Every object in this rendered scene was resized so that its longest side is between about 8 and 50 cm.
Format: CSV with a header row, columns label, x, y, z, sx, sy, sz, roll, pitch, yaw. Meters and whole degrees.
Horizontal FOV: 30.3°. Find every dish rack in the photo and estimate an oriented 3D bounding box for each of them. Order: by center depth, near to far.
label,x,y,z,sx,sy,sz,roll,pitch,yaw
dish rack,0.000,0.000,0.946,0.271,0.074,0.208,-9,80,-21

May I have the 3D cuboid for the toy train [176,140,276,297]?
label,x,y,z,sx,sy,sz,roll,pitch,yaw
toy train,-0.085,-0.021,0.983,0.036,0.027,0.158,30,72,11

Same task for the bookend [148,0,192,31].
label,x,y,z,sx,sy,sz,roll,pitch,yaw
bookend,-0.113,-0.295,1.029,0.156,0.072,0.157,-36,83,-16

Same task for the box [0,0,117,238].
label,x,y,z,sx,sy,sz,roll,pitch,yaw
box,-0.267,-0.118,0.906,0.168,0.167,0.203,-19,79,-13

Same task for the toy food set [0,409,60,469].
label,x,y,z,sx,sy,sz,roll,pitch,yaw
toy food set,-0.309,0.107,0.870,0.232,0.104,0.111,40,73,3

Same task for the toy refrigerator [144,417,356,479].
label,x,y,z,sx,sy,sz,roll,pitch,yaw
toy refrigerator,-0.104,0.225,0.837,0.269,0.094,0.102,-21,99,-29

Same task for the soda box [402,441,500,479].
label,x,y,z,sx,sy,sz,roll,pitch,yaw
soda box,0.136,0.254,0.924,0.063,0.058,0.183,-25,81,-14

# ABOUT THIS TASK
Repeat the material in full. Change nothing.

# RESPONSE TO THE TASK
Every object in this rendered scene was resized so that its longest side is between about 8 and 50 cm.
Format: CSV with a header row, columns label, x, y, z, sx, sy, sz, roll, pitch, yaw. Meters and whole degrees.
Horizontal FOV: 30.3°. Find every dish rack in the photo and estimate an oriented 3D bounding box for each of them. Order: by center depth, near to far.
label,x,y,z,sx,sy,sz,roll,pitch,yaw
dish rack,0.000,0.000,0.946,0.271,0.074,0.208,-9,80,-21

May I have the 3D cuboid for the toy train [176,140,276,297]?
label,x,y,z,sx,sy,sz,roll,pitch,yaw
toy train,-0.085,-0.021,0.983,0.036,0.027,0.158,30,72,11

Same task for the bookend [148,0,192,31].
label,x,y,z,sx,sy,sz,roll,pitch,yaw
bookend,-0.113,-0.295,1.029,0.156,0.072,0.157,-36,83,-16

Same task for the box [0,0,117,238].
label,x,y,z,sx,sy,sz,roll,pitch,yaw
box,-0.267,-0.118,0.906,0.168,0.167,0.203,-19,79,-13

Same task for the toy food set [0,409,60,469].
label,x,y,z,sx,sy,sz,roll,pitch,yaw
toy food set,-0.309,0.107,0.870,0.232,0.104,0.111,40,73,3

Same task for the toy refrigerator [144,417,356,479].
label,x,y,z,sx,sy,sz,roll,pitch,yaw
toy refrigerator,-0.104,0.225,0.837,0.269,0.094,0.102,-21,99,-29

Same task for the soda box [402,441,500,479].
label,x,y,z,sx,sy,sz,roll,pitch,yaw
soda box,0.136,0.254,0.924,0.063,0.058,0.183,-25,81,-14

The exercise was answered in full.